Quando il suo sfintere si fu abituato, cominciai a muovermi dentro e fuori.
Alessandra, la madre, osservava la scena dal corridoio, seduta a terra a gambe aperte e stravolta dal piacere.
- Stai godendo, o hai bisogno di toccarti? - chiesi al ragazzo.
- Se mi tocco sborro subito - mi rispose.
Era anale anche lui, esattamente come la madre, godevano con il culo.
L’idea che Alessandra ci stesse osservando e che quei due matti avessero intessuto una relazione perversa, seppur non vissuta, mi fece eccitare a partire dalla testa e così con il poco seme che mi restava dopo la violenta scopata con Alessandra bagnai l’interno del culo del ragazzo ma al tempo stesso gli afferrai il cazzo e lo segai per farlo venire abbondantemente.
Il suo sfintere si stringeva intorno al mio pene mentre sborrava e questo mi provocò un piacere immenso.
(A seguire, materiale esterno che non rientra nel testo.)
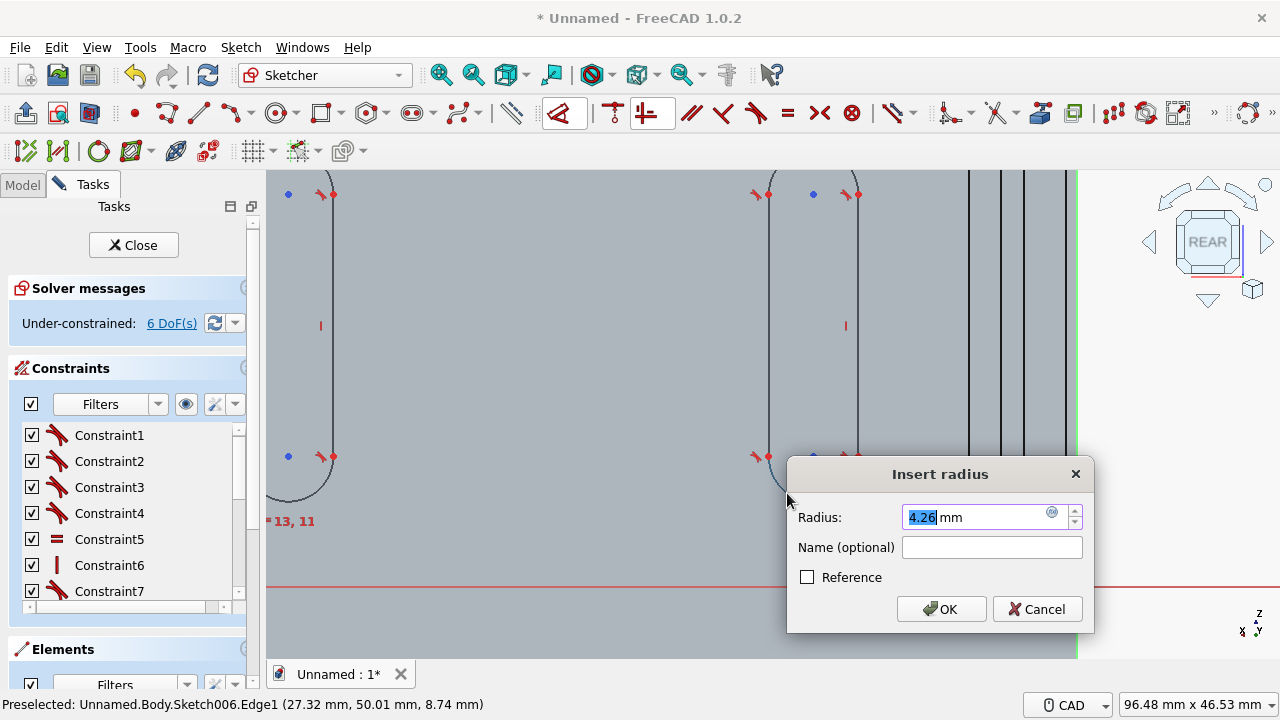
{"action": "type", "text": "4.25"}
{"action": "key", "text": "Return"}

Sentivo la sua sborra scorrere sulla mano destra e sembrava non finire più.
Mi voltai verso Alessandra, ma notai che non era più seduta lì: sapeva che saremmo usciti dalla stanza e non voleva farsi trovare in maniera esplicita lì.
Poi mi accorsi che anche Alberto che esausto e si era buttato con la testa sul letto: pur rimanendo a pecorina con il mio cazzo piantato dentro guardava verso la fessura te la porta.
Quel porco si era accorto che la madre era lì e aveva messo su un bel teatrino per lei.